8th March 2000 (Age 9)
It’s my 9th birthday today and Nanny gave me this diary, I was hoping for a pair of roller skates but it does have a bright pink heart, my favourite colour. And it has a tiny lock with a tiny key. Mummy says I’m not to lose it or my secrets will remain secrets forever. Though I don’t think I have any secrets. I’m glad I can lock it though, then my stupid big brother can’t read what I read about him. He’s a moron, but Mummy says I mustn’t call him that, but he is. Nanny told me she has lots of diaries, she showed me one in her dressing table that was really, really small, like a doll’s diary. I love my Nanny; she makes me laugh and allows me to put on her jewellery. But Peter my brother makes me sick, he’s gross.
8th March 2004 (Aged 13)
God, I’m so fed up, and it’s my birthday! Mum and Dad have grounded m. Yes on my birthday it’s so unfair. They found a packet of ciggies in my school bag. I told them they shouldn’t go looking and said that they were Carly’s – she’s sixteen. But they knew I was lying. I don’t even like it, makes me cough, but I don’t want to look stupid. I hate them both. They’re always having a go. Too much make up blah blah, don’t like your friends blah blah, tidy your room blah blah, do your homework blah blah. Why can’t they give me a break?

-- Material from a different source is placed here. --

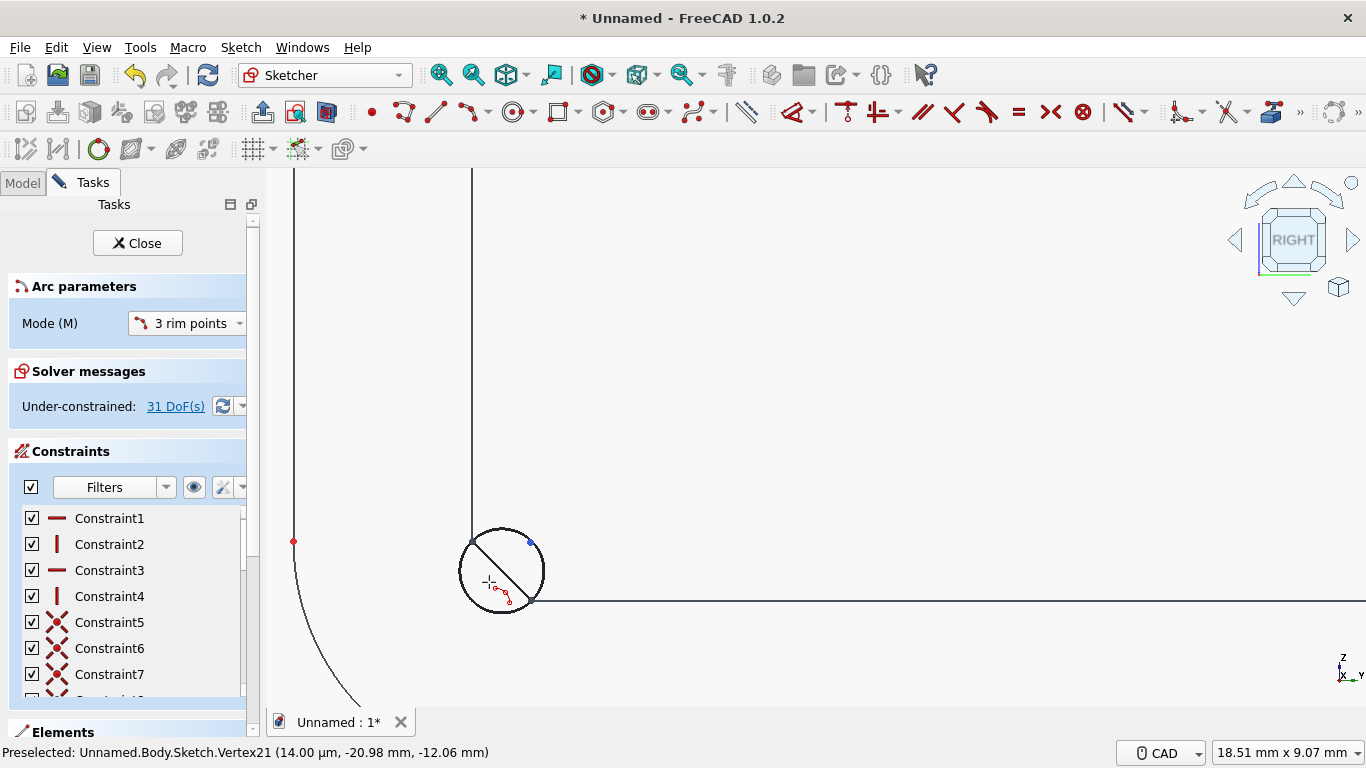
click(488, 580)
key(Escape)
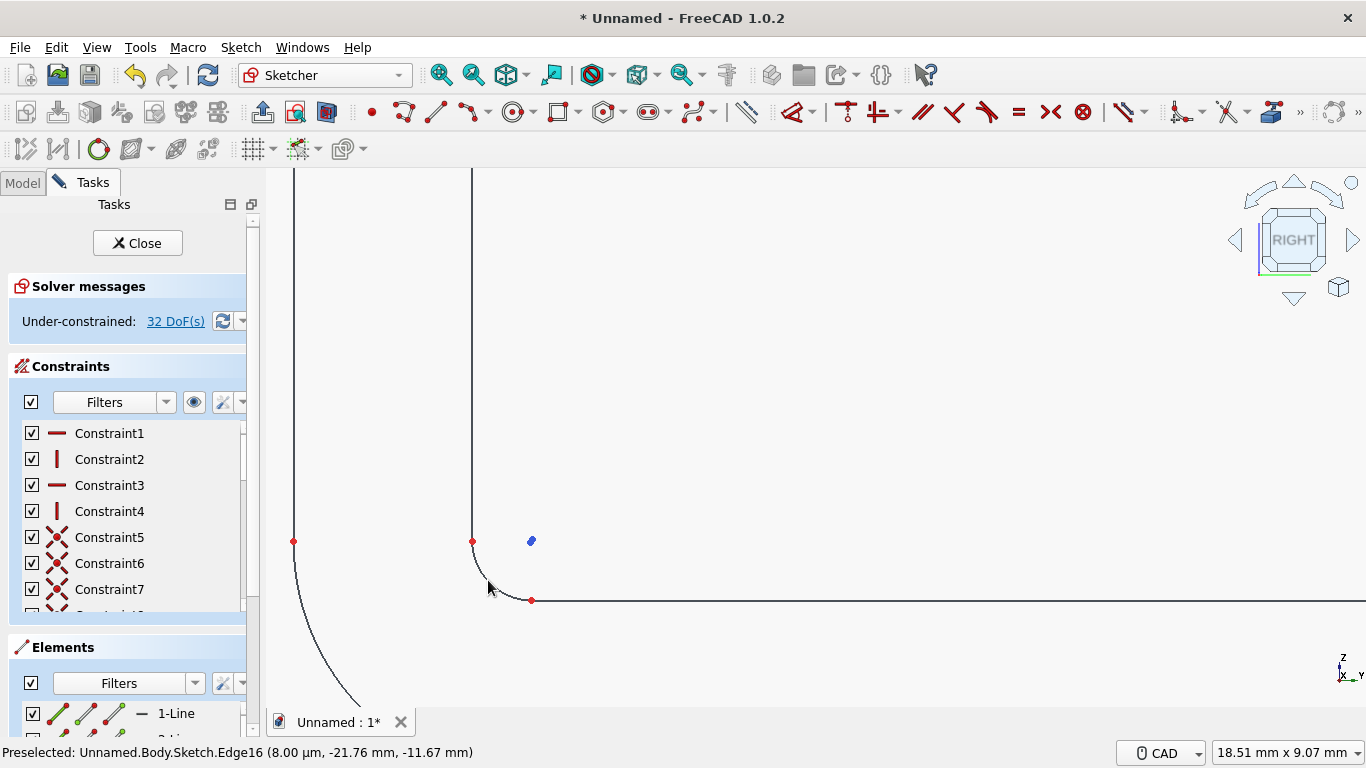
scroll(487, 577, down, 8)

And goody two shoes Peter he can go to hell. Laughing at me. I hate him! Why is everyone against me? I might as well be dead.
8th March 2009 (Aged 18)
Happy Birthday to me! Today I became of ‘age’, so Nan told me. She said that my birthday falls on International Women’s Day, which is very apt as I’m now allowed to vote. She told me about the Suffragettes and how they died for women’s rights. She liked to tell me about it even though I’ve done it in history. I think she misses Pops. She looked tired and as if she’d been crying. Anyway, she gave me a beautiful gold locket with spaces for two photo’s just like the one of hers I used to play with when I was little. It had a picture of her and Pops on their wedding day, but it got pinched when she was burgled. She said it was so I could treasure those I love. I didn’t tell her about Will. Don’t think she’d understand me going out with an older man. My friends don’t understand but hey he has money and a fab sports car. What’s not to like? Anyway must dash, get ready for the party tonite, nails and hair and mum is taking me to buy a new dress – might try to wangle a new pair of shoes, I have nothing to match.
8th March 2014 (Aged 23)
OMG! I’m getting old. Fancy being 23 – I’m over the hill and no-one loves me. I don’t feel that old, really. I checked in the mirror for any lines but couldn’t find any, and no grey hairs, Thank Goodness! Nan says I shouldn’t worry. Lines are a sign of a life well lived. Well, I suppose she should know; she has loads. I went to see her in the Nursing Home, she’s okay but she stays in bed most times. She gave me her wedding dress in which she married Pops. Mum had to sell her house to pay for the bills and it was the only thing she refused to let go of. It was wrapped in layers and layers of fine tissue paper and looks as good as new. So beautiful with thousands of pearls hand sewn into it. She said I could wear it as my maid of honour dress for Peter’s wedding in the summer. But I don’t think so, I don’t want to be a maid. And it fits perfectly. Just need to find the right man. Someday he will come, says Nan. Hope she’s right. Sweet Dreams, Dear Diary.